Hi. My name is Samantha, and I am a Foodaholic.
That sounds kind of silly. But it's really how I feel about my eating. It's out of control.
When I stepped on the scale two weeks ago and it registered at 341 lbs, I cried. How could I have let myself get to this point? AGAIN? What is wrong with me?
Time and time again, I'll lose the weight., gain it back (and then some). I can't do it myself, I've proven that time and time again. I thought, " I need a 12-step program."
So back to Weight Watchers I go.
Weight Watchers is the only thing that has ever worked for me. I couldn't figure out why. I googled "12 step program" and once I started thinking about it, That's precisely what Weight Watchers is; a 12-step program for fatties (I can refer to overweight people as that because I am one:) According to Wikipedia, all 12 step programs are based off of the following method:
1. Admitting that one cannot control one's addiction or compulsion. By joining WW, I'm admitting I don't have the tools/strength to do this on my own. I mean, hell, Food talks to me. And honestly, it's pretty pushy.

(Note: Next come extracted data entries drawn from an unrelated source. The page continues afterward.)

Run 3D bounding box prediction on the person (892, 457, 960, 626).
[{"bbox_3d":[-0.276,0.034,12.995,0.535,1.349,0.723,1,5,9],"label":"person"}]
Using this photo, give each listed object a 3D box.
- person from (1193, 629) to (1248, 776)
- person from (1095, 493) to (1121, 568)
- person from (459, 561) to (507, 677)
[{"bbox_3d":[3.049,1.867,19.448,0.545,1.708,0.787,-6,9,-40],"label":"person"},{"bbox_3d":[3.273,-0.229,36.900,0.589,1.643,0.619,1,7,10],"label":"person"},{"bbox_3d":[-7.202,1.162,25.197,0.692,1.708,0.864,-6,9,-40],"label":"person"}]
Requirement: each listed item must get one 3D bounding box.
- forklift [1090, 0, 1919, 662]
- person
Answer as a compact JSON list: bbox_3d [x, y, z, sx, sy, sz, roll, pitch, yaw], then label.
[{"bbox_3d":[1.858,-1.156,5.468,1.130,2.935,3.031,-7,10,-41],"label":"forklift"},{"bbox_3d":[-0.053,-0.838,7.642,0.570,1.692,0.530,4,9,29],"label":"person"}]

2. Recognizing that a higher power can give strength. I have to have faith that I will get the strength from somewhere to overcome my struggles. Only God can give THAT kind of strength.
3. Examining past errors with the help of a sponsor(experienced member). On WW Online, it's the message boards. If you choose to go to a location, it's meetings. These resources are invaluable.
4. Making amends for these errors, This is allowing myself to be forgiven. By me. It's also committing to making better choices and treating myself/body better. No one can do this but me.
5. Learning to live a new life with a new code of behavior. Working the program. Simple as that. Accepting that what I was doing before is not going to work if I want to lose weight. Seems like this should be obvious, but you'd be amazed how easy it is to forget this fact.
6. Helping others with the same addictions or compulsions. Whether I'm still working to lose weight or if I ever reach goal, this means still helping others reach their goals and overcome their food issues and supporting their journeys.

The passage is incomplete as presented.